US economic growth is likely to have accelerated in the first quarter, driven by massive government aid to households and businesses. This sets the course for what is likely to be the strongest performance this year in almost four decades.
The United States’ economy is recovering faster than its global rivals thanks to two additional COVID-19 bailouts from Washington, as well as a reduction in pandemic fear that has boosted domestic demand and enabled service businesses like restaurants and bars to rift.
Although the expected revival in gross domestic product in the final quarter would leave production just below its level in late 2019, the economy remains at least a few years away from fully recovering from the pandemic recession that began in February 2020.
The Department of Commerce will release its snapshot of GDP growth for the first quarter on Thursday at 8:30 a.m. EDT (1230 GMT).
“It’s going to be a solid GDP number,” said Ryan Sweet, senior economist at Moody’s Analytics in West Chester, Pennsylvania. “It’s a small milestone, in many cases, that we need to hit before we can say we have fully recovered from the recession.”
According to a Reuters poll of economists, the economy is likely to have grown 6.1% on an annual basis in the first three months of the year. This would be the second fastest rate of GDP growth since the third quarter of 2003 and would follow a rate of 4.3% in the fourth quarter.
However, the survey was conducted before March durable goods orders, goods trade deficit, and wholesale and retail inventory data. The economists at Goldman Sachs have initially lowered their GDP growth estimate based on the data on durable goods by a tenth of a percentage point to 7.4%.
The estimate based on the goods trade deficit and inventory data was then increased to 7.7%.
Former President Donald Trump’s administration provided nearly $ 3 trillion in aid at the start of the pandemic, sparking record GDP growth in the third quarter of 2020. Additional incentives of nearly $ 900 billion followed in late December. President Joe Biden’s administration offered another $ 1.9 trillion bailout in March that sent one-time checks of $ 1,400 to skilled households and an unemployment benefit of $ 300 through early September. Dollars granted.
The Federal Reserve acknowledged burgeoning domestic activity Wednesday, but the US Federal Reserve gave no indication that it was ready to cut its extraordinary support for the recovery. Continue reading
The rapidly accelerating economy could dampen some moderate Democrats’ enthusiasm for Biden’s ambitious economic agenda. Biden unveiled a comprehensive $ 1.8 trillion package for families and education in his first joint speech to Congress on Wednesday. Republicans are against more incentives and are now concerned about the growing debt. The new package and a previous infrastructure and employment plan are worth around $ 4 trillion, competing with the annual federal budget.[nL1N2ML15K}[nL1N2ML15K}[nL1N2ML15K}[nL1N2ML15K}
Some economists fear that massive government funding could boost inflation. Many economists, including Fed Chairman Jerome Powell, anticipate temporary higher inflation, arguing that the labor market will remain 8.4 million jobs below its February 2020 high.

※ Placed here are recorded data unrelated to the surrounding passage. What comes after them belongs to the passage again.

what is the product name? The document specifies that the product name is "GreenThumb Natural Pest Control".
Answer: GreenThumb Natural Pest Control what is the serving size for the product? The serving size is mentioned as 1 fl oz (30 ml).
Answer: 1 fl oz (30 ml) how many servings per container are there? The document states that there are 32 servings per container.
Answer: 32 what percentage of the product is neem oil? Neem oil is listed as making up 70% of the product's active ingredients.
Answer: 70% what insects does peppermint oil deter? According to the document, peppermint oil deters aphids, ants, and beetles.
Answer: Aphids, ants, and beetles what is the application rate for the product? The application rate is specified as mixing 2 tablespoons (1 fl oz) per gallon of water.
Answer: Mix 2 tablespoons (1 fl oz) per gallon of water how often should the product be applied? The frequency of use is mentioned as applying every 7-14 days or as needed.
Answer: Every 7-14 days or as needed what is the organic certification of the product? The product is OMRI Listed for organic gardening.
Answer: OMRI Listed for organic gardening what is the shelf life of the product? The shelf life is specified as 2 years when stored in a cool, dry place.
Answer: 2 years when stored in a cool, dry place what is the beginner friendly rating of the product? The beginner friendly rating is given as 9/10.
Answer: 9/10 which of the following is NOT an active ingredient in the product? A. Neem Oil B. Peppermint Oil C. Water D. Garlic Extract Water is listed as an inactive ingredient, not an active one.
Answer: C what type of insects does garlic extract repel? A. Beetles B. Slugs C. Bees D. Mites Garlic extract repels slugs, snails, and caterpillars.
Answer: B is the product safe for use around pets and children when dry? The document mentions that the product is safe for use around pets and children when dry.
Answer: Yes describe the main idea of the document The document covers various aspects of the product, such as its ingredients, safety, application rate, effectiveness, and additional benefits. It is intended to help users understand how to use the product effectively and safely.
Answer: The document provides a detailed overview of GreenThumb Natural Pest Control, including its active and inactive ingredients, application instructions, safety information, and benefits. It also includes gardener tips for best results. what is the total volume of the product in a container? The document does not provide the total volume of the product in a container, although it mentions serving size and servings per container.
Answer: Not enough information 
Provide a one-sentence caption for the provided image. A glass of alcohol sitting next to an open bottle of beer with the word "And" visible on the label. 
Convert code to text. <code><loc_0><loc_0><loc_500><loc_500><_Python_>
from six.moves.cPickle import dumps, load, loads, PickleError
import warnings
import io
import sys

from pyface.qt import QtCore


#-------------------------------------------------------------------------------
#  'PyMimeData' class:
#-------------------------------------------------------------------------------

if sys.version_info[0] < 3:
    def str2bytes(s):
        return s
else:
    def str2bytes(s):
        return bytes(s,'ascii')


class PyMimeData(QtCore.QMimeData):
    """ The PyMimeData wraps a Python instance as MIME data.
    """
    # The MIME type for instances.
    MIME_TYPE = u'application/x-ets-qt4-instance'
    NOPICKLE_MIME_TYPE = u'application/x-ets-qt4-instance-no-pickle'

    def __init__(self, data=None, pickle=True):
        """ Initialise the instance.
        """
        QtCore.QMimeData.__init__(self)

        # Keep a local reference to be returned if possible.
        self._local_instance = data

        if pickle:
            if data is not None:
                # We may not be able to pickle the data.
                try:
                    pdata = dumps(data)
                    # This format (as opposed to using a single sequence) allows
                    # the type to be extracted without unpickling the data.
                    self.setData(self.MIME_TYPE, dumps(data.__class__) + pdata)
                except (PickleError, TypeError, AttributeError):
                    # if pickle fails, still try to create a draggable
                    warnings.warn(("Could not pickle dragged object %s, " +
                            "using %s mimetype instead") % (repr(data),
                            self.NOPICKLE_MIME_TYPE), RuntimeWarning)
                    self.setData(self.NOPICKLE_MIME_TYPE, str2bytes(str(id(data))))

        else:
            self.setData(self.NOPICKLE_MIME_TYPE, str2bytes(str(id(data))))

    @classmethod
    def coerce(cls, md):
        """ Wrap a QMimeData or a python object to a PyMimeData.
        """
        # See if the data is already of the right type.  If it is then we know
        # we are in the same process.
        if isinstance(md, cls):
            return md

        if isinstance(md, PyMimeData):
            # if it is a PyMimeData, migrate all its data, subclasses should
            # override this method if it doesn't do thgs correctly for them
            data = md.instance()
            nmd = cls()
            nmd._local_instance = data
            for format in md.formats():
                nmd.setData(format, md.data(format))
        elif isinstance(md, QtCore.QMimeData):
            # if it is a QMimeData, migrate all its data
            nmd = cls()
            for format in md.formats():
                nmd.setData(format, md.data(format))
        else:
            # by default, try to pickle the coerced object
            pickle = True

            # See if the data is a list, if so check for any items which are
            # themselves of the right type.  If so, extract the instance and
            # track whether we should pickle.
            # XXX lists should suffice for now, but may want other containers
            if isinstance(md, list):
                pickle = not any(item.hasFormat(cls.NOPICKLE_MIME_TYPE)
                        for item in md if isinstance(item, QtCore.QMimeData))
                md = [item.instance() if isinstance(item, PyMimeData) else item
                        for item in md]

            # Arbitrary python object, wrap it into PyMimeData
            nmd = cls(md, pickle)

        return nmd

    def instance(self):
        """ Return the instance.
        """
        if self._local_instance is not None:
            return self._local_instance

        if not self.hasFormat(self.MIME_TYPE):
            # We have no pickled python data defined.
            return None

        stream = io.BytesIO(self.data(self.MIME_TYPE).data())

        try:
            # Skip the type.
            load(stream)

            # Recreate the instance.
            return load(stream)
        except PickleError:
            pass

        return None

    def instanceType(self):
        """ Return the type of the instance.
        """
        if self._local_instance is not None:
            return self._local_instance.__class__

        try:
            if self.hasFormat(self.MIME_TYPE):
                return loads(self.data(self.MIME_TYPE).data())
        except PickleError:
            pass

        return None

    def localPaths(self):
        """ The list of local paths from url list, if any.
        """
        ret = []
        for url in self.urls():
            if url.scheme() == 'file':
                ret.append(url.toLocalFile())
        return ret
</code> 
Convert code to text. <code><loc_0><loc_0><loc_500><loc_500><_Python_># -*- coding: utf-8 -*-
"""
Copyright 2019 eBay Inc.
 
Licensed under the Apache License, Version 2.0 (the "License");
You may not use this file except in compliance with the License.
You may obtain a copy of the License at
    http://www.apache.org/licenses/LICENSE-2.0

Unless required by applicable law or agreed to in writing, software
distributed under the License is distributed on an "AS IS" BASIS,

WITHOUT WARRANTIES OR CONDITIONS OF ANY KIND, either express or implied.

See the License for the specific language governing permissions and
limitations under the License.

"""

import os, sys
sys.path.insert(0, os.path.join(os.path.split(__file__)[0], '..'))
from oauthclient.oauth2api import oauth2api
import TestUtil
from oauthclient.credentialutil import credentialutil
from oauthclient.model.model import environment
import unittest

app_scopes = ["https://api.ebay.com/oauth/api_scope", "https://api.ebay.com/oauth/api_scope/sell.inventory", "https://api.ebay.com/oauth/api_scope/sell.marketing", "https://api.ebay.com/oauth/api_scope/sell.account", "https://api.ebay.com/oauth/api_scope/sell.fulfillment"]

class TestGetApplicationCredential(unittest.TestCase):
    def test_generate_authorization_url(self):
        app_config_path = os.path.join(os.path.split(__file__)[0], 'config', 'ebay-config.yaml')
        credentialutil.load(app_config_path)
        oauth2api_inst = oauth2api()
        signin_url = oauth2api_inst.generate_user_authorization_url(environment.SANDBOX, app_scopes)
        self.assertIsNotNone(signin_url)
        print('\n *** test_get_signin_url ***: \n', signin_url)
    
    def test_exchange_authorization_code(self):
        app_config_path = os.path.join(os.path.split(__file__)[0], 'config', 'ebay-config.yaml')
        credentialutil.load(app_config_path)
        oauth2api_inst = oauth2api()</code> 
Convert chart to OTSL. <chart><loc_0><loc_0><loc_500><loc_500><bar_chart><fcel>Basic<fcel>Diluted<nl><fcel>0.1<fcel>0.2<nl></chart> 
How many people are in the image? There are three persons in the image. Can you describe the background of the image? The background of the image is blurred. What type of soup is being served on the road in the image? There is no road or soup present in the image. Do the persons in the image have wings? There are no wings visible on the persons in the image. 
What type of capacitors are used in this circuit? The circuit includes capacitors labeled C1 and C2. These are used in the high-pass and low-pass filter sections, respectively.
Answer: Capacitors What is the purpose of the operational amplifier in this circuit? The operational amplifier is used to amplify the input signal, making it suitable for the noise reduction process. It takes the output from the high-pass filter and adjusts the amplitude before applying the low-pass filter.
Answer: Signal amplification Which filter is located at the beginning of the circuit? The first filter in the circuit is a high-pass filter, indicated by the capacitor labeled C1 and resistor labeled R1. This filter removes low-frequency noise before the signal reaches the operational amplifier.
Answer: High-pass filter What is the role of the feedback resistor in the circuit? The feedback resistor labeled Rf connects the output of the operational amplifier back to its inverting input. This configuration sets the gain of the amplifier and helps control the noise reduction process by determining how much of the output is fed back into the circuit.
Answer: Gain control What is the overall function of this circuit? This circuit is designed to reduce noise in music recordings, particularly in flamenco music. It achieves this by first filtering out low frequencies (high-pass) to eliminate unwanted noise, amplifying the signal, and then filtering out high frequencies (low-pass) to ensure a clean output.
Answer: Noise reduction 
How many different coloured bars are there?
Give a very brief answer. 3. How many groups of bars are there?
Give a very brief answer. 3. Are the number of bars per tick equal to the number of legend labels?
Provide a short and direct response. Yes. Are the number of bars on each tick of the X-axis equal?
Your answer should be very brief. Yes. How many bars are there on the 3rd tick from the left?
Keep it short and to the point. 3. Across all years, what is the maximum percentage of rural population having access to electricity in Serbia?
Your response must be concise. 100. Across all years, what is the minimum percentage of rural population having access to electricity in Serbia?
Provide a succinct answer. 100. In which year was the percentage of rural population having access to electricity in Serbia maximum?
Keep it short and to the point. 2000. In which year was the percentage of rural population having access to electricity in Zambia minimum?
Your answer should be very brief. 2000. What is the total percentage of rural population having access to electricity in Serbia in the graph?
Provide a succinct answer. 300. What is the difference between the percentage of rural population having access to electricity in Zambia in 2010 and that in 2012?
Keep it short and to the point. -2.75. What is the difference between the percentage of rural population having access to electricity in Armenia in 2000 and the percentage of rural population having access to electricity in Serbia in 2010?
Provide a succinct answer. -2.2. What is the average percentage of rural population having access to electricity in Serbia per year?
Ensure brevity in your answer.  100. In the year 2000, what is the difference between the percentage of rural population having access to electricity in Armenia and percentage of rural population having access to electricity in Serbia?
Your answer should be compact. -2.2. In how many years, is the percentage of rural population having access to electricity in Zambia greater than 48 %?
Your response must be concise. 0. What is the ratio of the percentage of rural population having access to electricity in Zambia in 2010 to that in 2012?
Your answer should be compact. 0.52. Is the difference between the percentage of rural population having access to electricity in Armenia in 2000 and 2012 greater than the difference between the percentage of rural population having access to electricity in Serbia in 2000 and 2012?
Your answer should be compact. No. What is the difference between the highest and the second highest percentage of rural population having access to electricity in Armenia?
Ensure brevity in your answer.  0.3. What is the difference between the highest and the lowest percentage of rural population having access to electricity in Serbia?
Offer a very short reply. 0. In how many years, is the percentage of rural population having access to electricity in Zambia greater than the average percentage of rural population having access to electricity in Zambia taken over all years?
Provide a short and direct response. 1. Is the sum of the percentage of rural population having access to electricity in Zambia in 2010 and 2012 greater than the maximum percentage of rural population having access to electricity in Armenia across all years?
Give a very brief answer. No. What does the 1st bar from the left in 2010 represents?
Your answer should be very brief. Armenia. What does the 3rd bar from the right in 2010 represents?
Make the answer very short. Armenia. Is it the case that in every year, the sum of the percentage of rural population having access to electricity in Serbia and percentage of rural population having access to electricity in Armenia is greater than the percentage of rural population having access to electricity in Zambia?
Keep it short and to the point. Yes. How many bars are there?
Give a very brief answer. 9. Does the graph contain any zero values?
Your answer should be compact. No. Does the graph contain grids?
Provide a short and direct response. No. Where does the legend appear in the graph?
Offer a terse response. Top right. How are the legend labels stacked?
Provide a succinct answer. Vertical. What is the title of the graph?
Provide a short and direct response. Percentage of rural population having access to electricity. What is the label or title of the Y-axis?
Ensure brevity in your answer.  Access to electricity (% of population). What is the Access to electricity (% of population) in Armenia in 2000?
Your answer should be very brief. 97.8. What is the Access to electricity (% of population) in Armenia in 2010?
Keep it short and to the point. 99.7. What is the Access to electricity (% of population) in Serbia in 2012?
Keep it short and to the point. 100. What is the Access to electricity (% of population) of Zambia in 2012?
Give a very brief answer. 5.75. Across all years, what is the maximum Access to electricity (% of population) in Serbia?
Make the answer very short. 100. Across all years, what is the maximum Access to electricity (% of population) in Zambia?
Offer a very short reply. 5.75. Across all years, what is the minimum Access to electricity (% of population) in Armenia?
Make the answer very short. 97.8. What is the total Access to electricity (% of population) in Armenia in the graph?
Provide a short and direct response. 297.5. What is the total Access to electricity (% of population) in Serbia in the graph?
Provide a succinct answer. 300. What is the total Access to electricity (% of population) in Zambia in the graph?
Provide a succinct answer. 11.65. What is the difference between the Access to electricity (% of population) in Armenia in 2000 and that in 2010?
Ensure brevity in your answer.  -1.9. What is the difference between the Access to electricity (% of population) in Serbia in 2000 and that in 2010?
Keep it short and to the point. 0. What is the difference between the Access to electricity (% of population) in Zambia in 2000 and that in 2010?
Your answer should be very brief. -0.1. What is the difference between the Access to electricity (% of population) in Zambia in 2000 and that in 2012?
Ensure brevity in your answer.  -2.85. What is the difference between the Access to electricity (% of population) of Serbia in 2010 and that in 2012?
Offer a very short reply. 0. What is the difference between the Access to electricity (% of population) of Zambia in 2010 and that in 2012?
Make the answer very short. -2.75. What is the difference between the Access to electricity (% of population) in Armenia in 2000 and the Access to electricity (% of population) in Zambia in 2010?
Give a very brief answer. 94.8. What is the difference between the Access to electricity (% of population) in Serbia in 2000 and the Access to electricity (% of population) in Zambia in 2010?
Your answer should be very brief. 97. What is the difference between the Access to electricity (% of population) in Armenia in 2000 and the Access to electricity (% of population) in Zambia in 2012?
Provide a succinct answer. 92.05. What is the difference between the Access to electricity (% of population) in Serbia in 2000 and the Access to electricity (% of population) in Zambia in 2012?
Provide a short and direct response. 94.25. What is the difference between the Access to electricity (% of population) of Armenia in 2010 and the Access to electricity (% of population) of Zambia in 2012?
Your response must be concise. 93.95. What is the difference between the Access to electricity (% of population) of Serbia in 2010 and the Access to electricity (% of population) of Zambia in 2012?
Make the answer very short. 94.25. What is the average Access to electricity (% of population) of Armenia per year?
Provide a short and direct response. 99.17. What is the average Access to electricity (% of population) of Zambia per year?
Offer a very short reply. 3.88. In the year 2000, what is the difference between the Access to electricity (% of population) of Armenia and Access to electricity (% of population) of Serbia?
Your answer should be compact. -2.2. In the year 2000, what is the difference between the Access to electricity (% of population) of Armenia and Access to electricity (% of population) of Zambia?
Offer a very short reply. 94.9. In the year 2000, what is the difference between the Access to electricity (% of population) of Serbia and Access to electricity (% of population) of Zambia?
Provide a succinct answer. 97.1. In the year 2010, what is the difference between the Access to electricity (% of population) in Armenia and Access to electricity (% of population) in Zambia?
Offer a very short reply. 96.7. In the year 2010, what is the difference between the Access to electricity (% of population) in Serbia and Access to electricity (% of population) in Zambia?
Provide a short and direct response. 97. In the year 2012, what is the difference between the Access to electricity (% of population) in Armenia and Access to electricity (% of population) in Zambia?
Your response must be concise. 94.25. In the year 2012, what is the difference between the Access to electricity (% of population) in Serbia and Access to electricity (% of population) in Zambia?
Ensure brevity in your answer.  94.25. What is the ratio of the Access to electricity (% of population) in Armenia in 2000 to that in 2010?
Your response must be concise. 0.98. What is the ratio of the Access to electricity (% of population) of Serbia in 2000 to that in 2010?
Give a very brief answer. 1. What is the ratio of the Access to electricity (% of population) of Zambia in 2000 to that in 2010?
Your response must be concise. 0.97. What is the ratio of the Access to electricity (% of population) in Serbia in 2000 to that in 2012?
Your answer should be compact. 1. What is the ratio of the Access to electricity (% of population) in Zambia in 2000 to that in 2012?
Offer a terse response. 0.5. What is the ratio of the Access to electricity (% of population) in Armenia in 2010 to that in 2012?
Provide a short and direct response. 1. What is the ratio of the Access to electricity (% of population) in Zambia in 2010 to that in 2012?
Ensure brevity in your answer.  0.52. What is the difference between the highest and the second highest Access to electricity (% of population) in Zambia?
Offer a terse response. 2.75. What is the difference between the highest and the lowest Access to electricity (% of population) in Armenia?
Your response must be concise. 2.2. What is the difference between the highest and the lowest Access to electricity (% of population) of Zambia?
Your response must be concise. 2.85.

According to a Reuters poll, a separate Labor Department report on Thursday is expected to see 549,000 people claiming state unemployment benefits last week. Although claims have fallen from a record 6.149 million in early April 2020, they remain well above the 200,000-250,000 range that is considered compatible with a healthy labor market. Approximately 17.4 million Americans received unemployment benefits in early April.
At the beginning of the second quarter, the economy continued to prevail. Consumer confidence hit a 14-month high in April thanks to fiscal stimulus and the expansion of the COVID-19 vaccination program to all American adults. That helps unleash pent-up demand.
Americans have accumulated at least $ 2 trillion in excess savings. Many economists expect the economy to fully recover from the recession by the end of 2023. They expect growth could top 7% this year, which would be the fastest since 1984. The economy contracted 3.5% in 2020, its worst performance in 74 years.
“Assuming vaccines against new variants of the virus remain effective, the economy should see significant growth for the remainder of the year,” said Kevin Cummins, chief US economist at NatWest Markets in Stamford, Connecticut.
“The combination of extraordinarily high fiscal stimulus, extremely accommodative monetary policy, an extremely positive supply shock as the economy reopens, and a pile of excess savings to support consumption makes us extremely optimistic about GDP growth in 2021 and 2022.”
The growth in the first quarter was likely driven by consumer spending, which is expected to accelerate after almost holding back in the last three months of 2020. Another quarter of double-digit growth is expected for equipment business spending as well as recovery from investments in non-residential structures such as mine exploration, shafts and wells.
Residential investment is likely to have contributed to GDP growth for the third quarter in a row. However, trade is likely to be a drag for the third straight quarter as some of robust domestic demand has been saturated by imports. Heavy consumption meant fewer unsold goods in inventory, which likely resulted in inventory being subtracted from GDP growth.